# Problem statement
Select the lines of the records containing the word "each" and list them.

=== Section Start ===

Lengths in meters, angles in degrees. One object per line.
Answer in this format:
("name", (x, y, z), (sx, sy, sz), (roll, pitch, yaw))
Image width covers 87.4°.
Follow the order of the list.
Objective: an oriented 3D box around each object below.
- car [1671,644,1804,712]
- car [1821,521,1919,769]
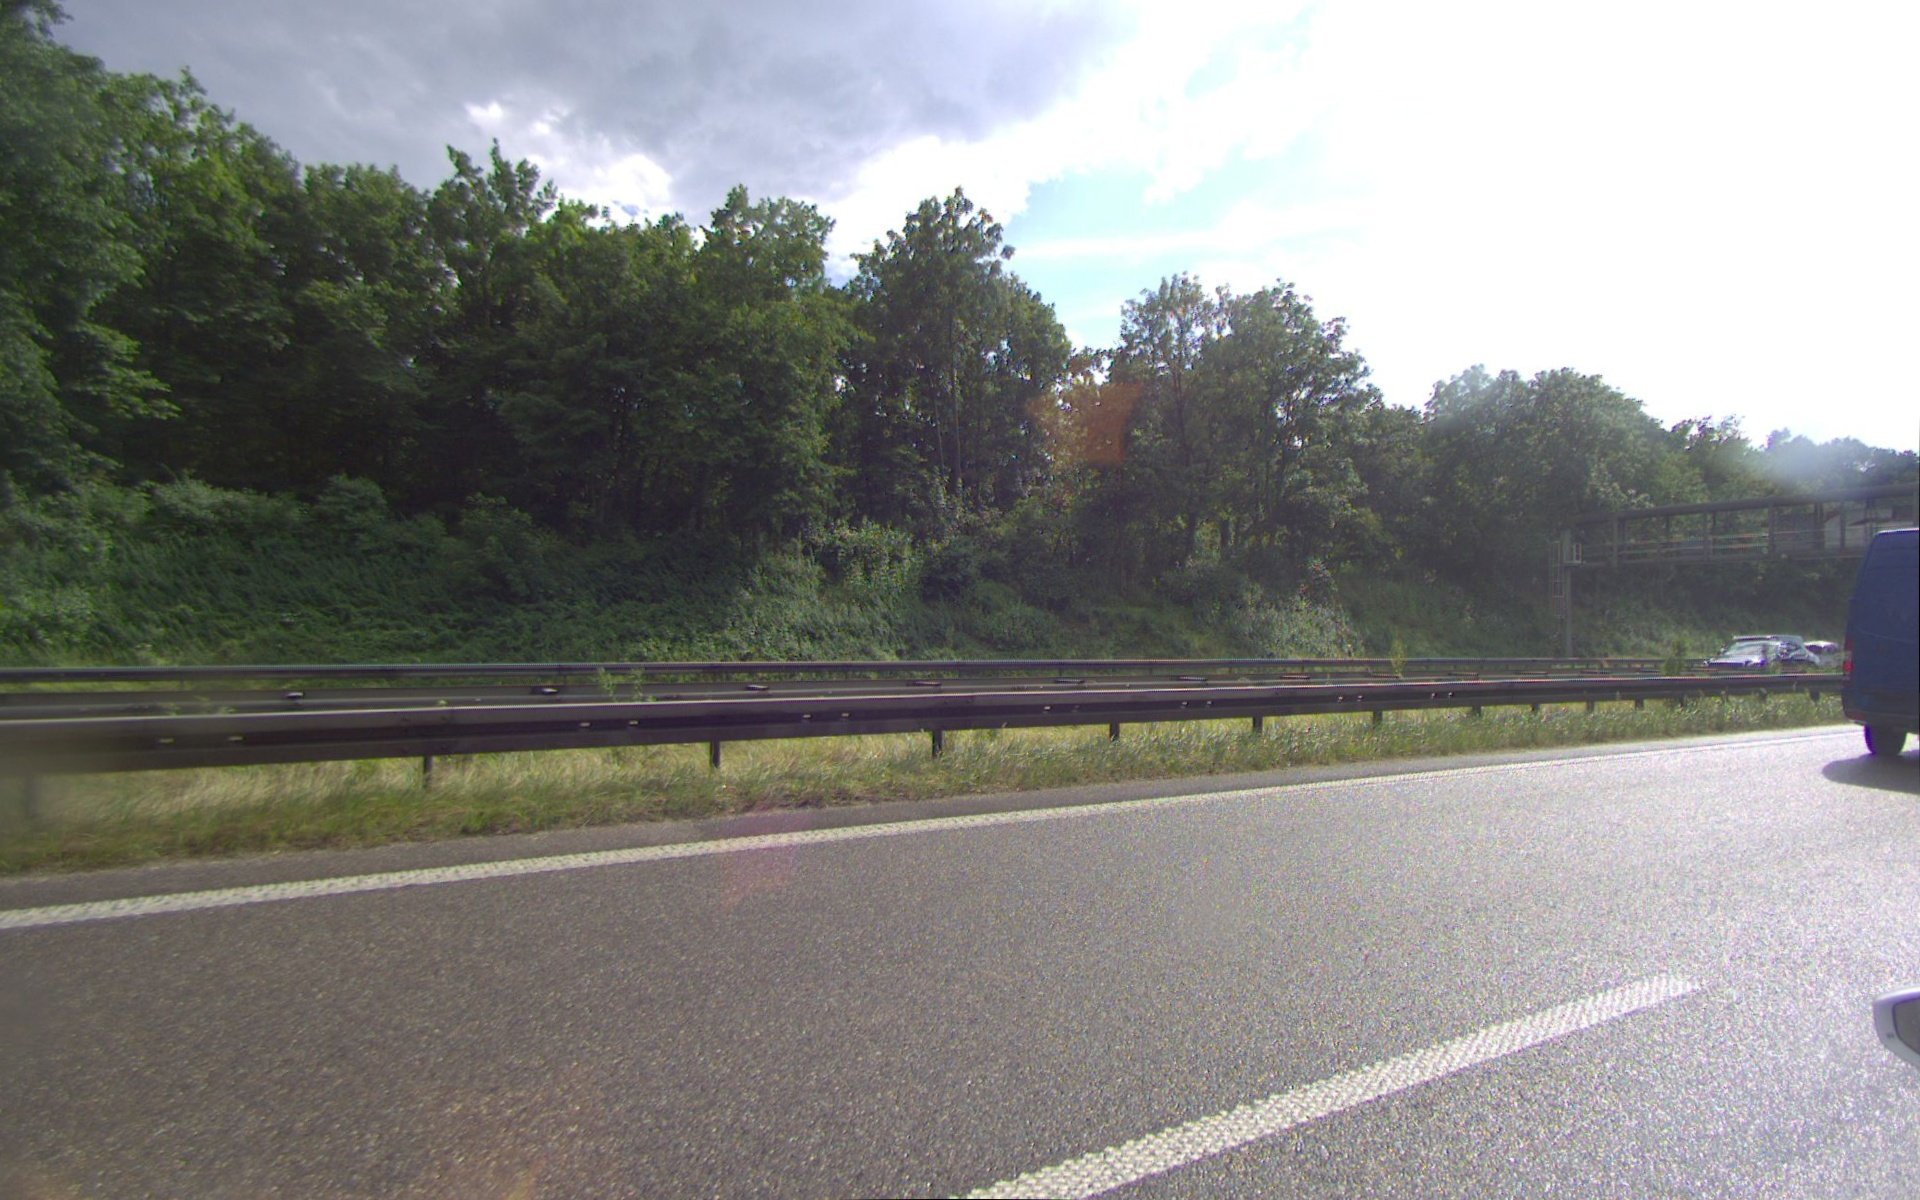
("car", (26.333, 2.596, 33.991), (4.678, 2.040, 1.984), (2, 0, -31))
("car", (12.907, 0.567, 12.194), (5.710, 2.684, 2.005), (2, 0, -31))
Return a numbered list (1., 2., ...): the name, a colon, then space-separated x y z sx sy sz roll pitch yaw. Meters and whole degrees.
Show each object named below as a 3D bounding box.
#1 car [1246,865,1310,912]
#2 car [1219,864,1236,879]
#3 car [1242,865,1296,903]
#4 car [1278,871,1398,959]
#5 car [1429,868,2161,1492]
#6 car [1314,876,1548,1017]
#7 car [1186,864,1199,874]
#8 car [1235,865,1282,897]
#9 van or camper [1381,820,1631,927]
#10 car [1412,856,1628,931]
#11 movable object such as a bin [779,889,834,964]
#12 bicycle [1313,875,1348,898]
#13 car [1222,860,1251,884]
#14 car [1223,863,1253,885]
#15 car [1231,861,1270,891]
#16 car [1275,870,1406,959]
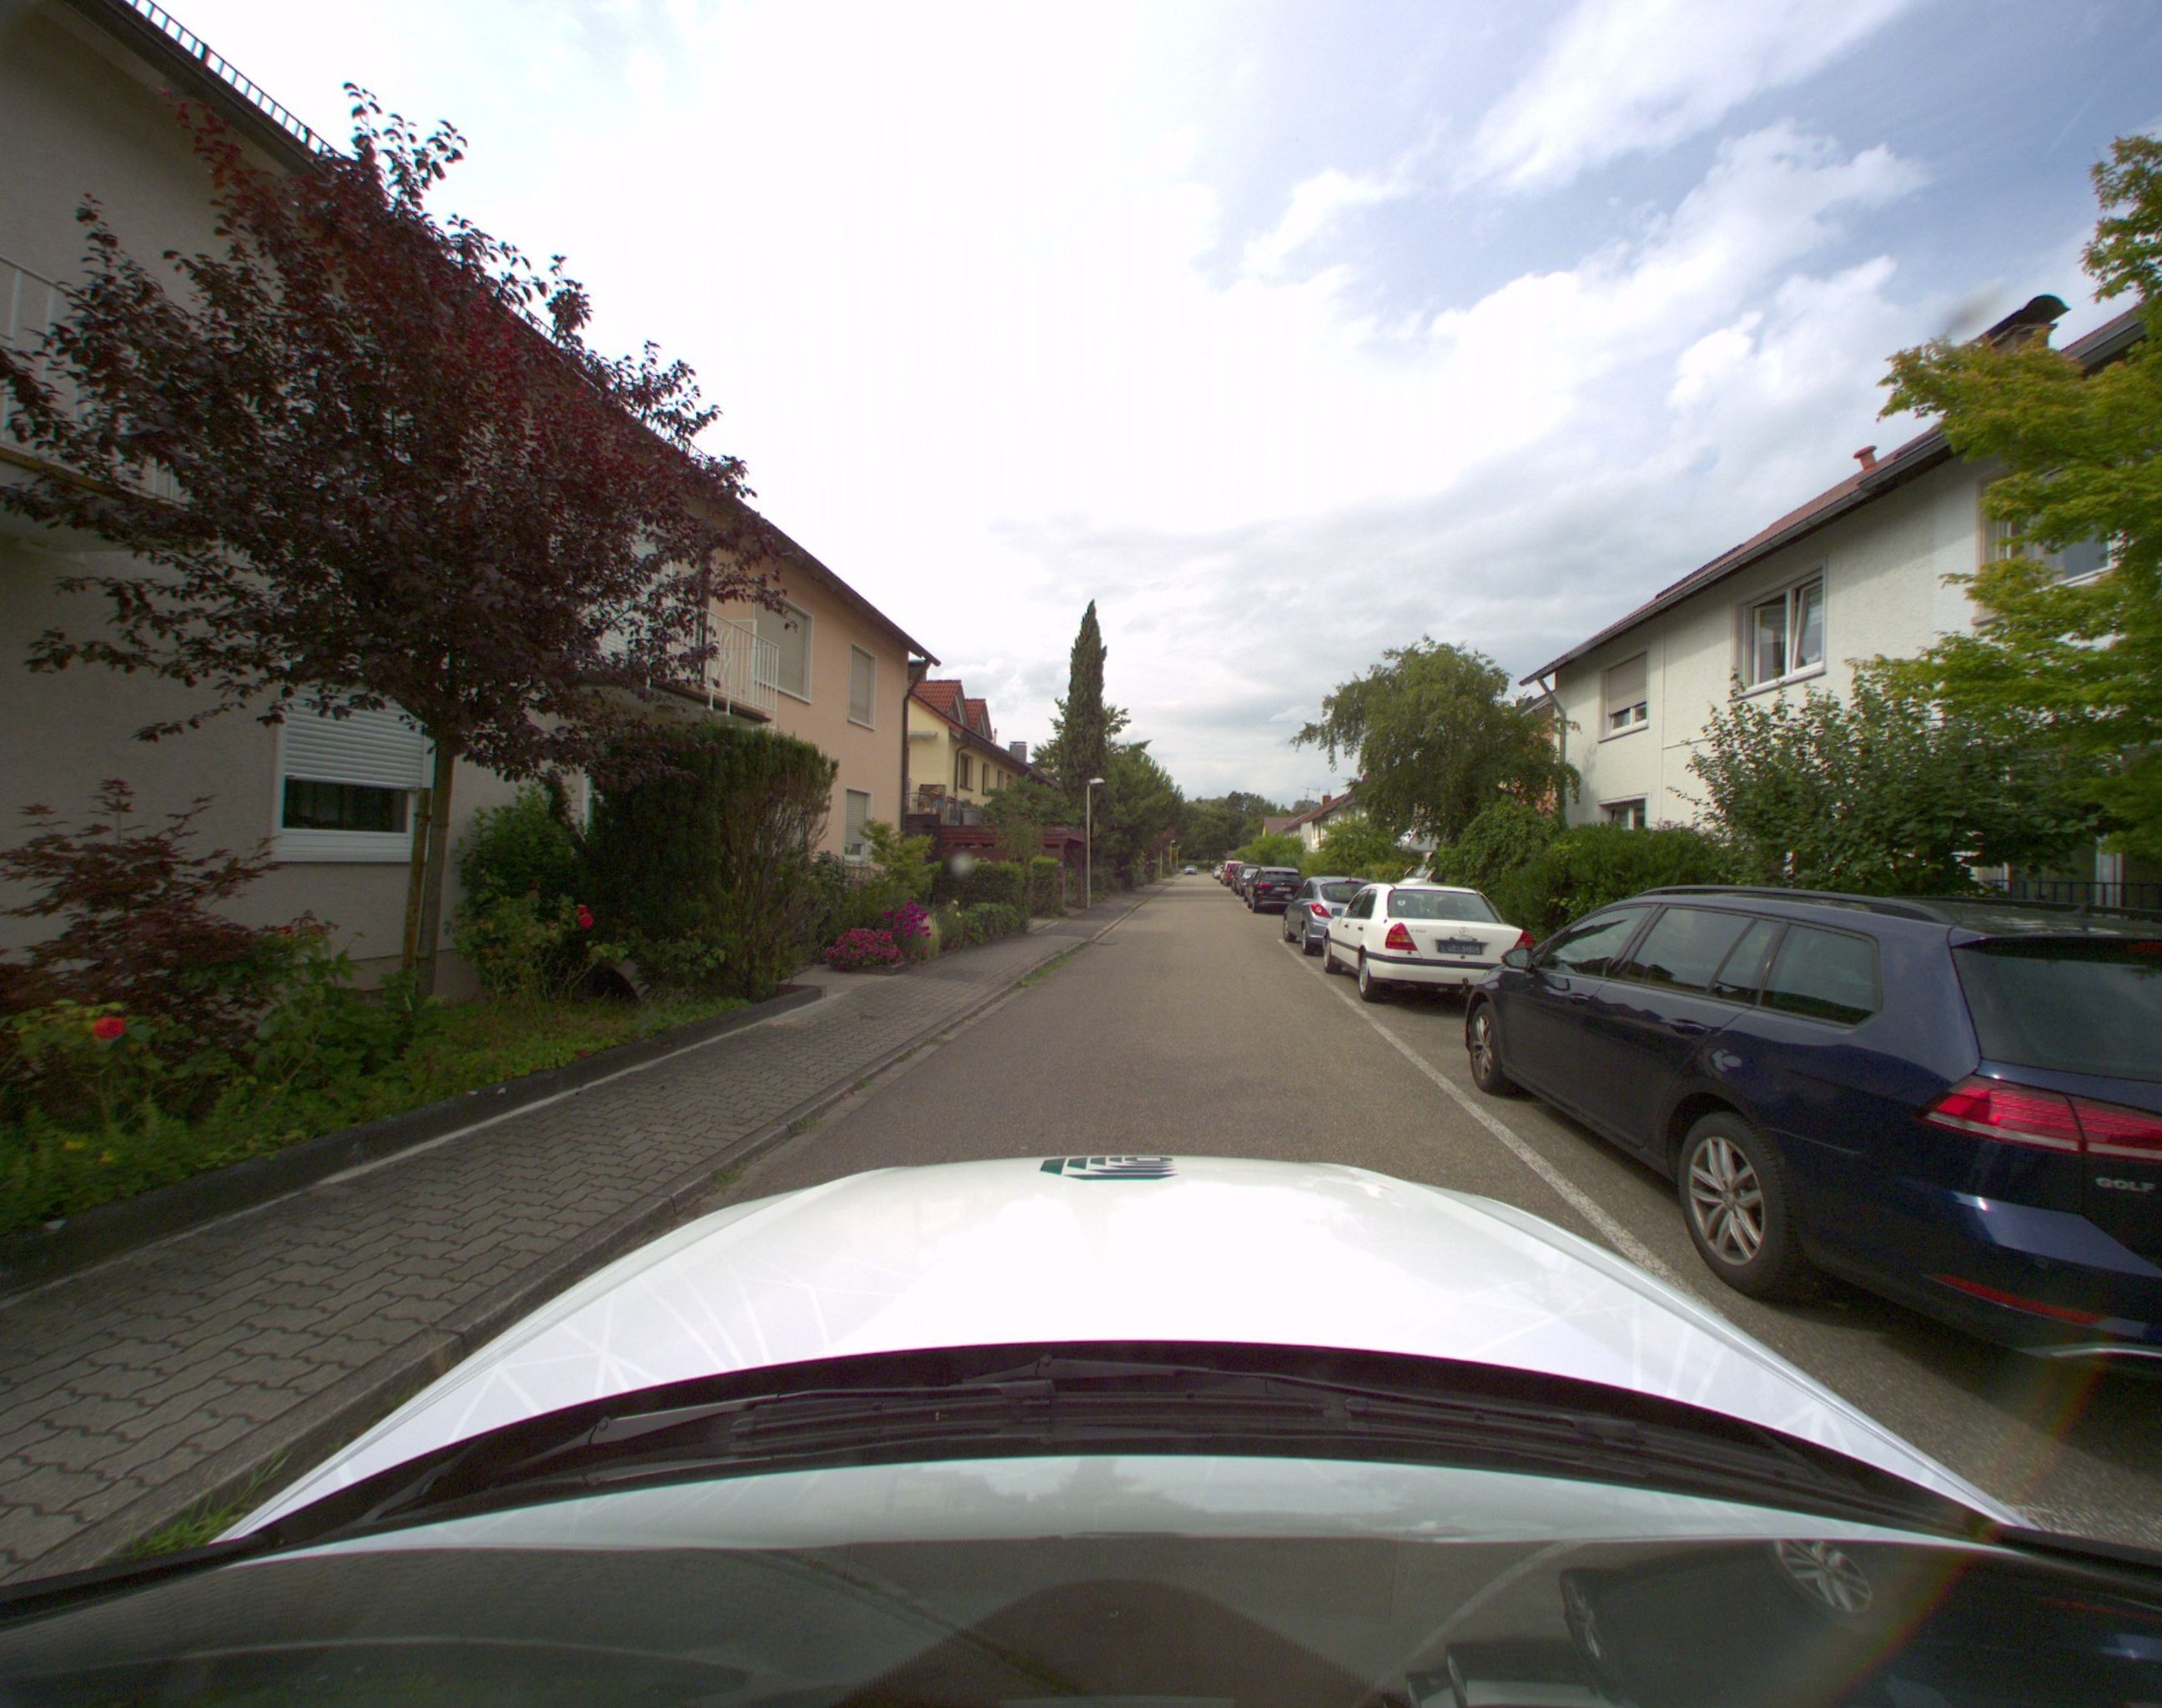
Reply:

=== Section End ===

# Solution to the problem
Objective: an oriented 3D box around each object below.
Show each object named below as a 3D bounding box.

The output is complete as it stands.